Warm chickens without burning your coop down
It’s cold weather time, and that means a lot of chicken keepers are worried about keeping their birds from freezing on their roosts.
During this time of year, there’s always a few fires in chicken coops where well-meaning owners put space heaters or heat lamps to keep their animals toasty.
But, it doesn’t take a fire marshall to explain the issues with putting heating elements in a small space made of dry wood, lined with straw and filled with flapping, unpredictable animals.
There’s not a lot of officials safety information regarding chicken coops, but these common sense tips, along with barn fire safety tips from the USDA will go along way toward keeping your lovelies safe this winter.
No smoking in or around the coop
Sure it’s a no brainer, but it still needs to be said. If you’re smoking around a coop, an errant spark or hot ash can send all that dried straw and feathers up in a flash. An ember can smolder for hours too, so even if you’re careful and check around the coop often, that ember may sit for hours unnoticed, only to flare up in the middle of the night.
Inspect your electrical systems often
Lights and extension cords in a coop can lead to frayed wires and electrical sparks inside a coop, especiallay considering all the rough edges. Sparks lead to fires. So make sure any electrical wiring or outlets in and around your coop are well insulated and secure. A quick visual inspection can save a lot of time and heartache down the road.
Secure your heat sources
If you just have to use a heater in your coop — we suggest you don’t, see alternative heating methods below — then make sure it’s secure. Bolt it in place and make sure your animals can’t get to it. It’s a good idea to have a designated area for any heat source fenced off to keep your birds from flinging straw or wood shavings on the heating elements.
Alternative methods for keeping your birds warm
Perhaps the easiest way to prevent fires is to avoid electricity all together. No electric heat, no electric lights means no source of electrical sparks. But you may be worried that your feather babies won’t be able to survive a cold winter’s night.
But, chances are, your chickens will do better in the cold that you think. Most breeds can survive temps down to 0 degrees Farenheit (-17C). But, there are some parts of the world that get even colder.
How do you minimize electric heat in those situations?
Insulating your chicken coop when you build it is a great idea. Even after it’s done, however, you can still use foam panels, reflective foil barriers and straw or wood shavings on the floor. This lets the heat the birds produce via body heat stay inside the coop. Just make sure you don’t give up ventilation for insulation. It may seem like sealing a coop up is a good idea, but even in the winter, your birds need fresh air more than ever.
Deep litter heating
You can also use the deep litter method for heating a coop. The idea is simple: Put straw or wood chips down as normal, but instead of cleaning it out when it gets soiled, add more clean straw or wood chips over the top. This material composts in the floor of the coop and the heat produced during the composting process helps keeps the birds warm. Fair warning: When the Spring comes, you’re going to have a bad time cleaning that mess out.

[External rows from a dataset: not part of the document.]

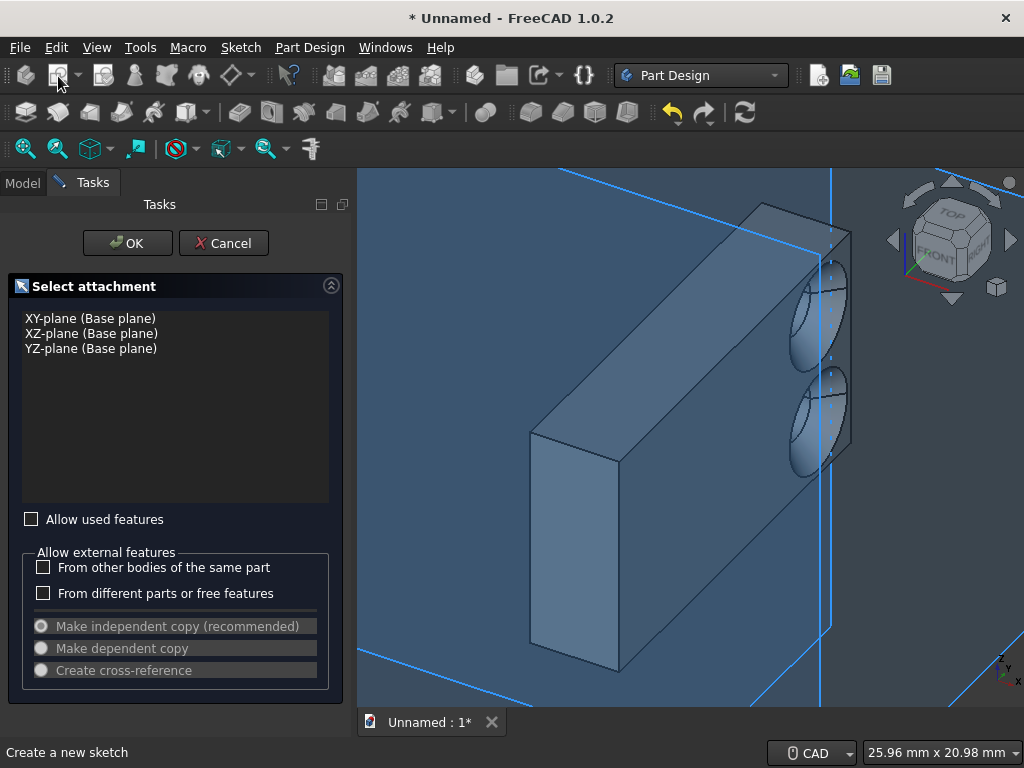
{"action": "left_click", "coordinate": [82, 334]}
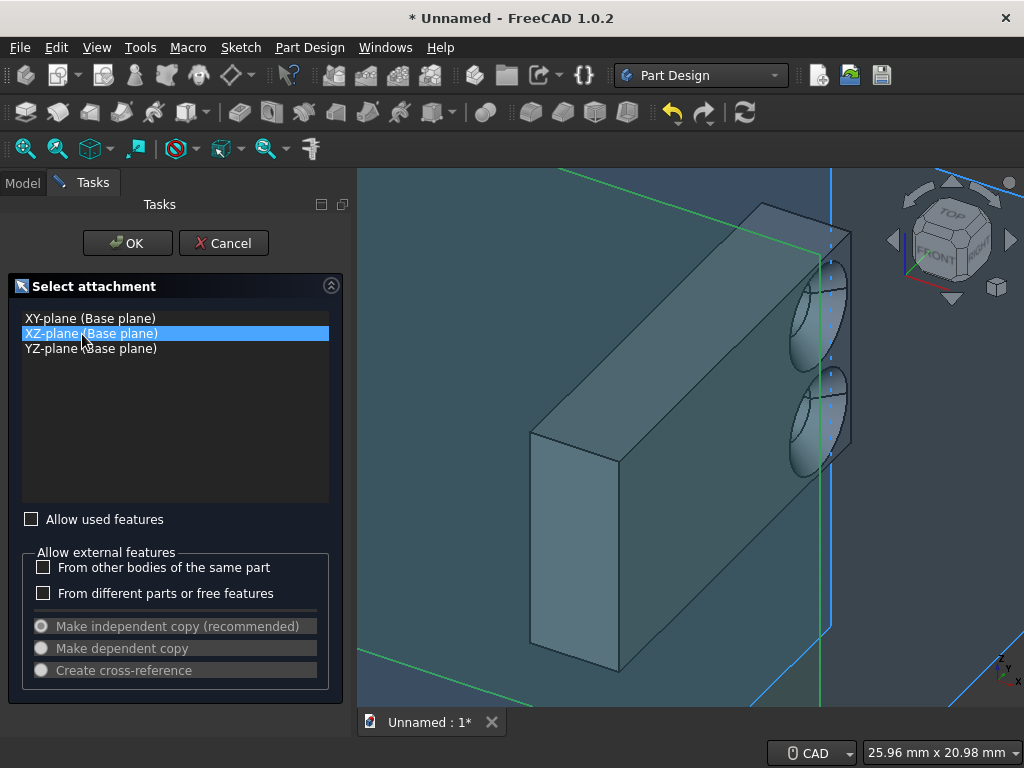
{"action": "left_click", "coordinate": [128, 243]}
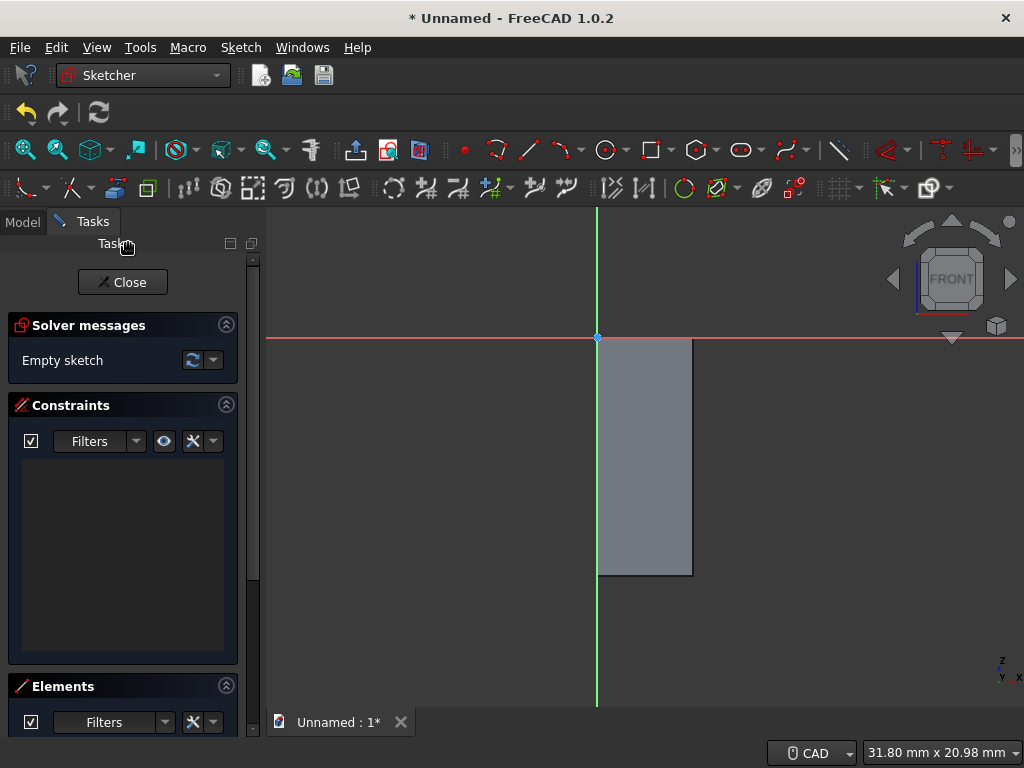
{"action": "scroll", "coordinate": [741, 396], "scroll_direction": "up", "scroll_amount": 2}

You can also use compost piles to heat chicken coops. This method is almost identical to using the deep litter method, but it involves using a mobile coop placed over a compost pile to produce heat. This method has something over the deep litter method, since there’s no cleaning at the end. But, if you don’t have a mobile coop then this one is going to be hard to pull off.
Build a solar collector
A solar collector can be built cheaply and easily. Essentially, it uses the sun to heat air in a glass encased chute that rises into the coop. Coupled with good insulation and maybe a thermal mass (see below) that warm air will be enough to keep your birds from turning into chickensicles.
A thermal mass is a material used in construction to absorb heat during the day and radiate it at night. Usually made of brick, concrete or rock, these A thermal mass can be built into your chicken coop during construction, but if not, then there are other options. You can spray paint milk jugs black and fill them with water and put them in windows (or in front of your solar collector). At night they’ll radiate the stored heat into the coop, just like any thermal mass would. If your coop is small enough, this is an easy way to keep the temperature of your coop just high enough to prevent frostbite.
If you just take a little time, you’ll be able to baby your birds through the winter without incident. And there’s a bonus. Warm birds eat less. So if you do any one of these tricks, you’ll wind up with a cheaper feed bill at the end of the season.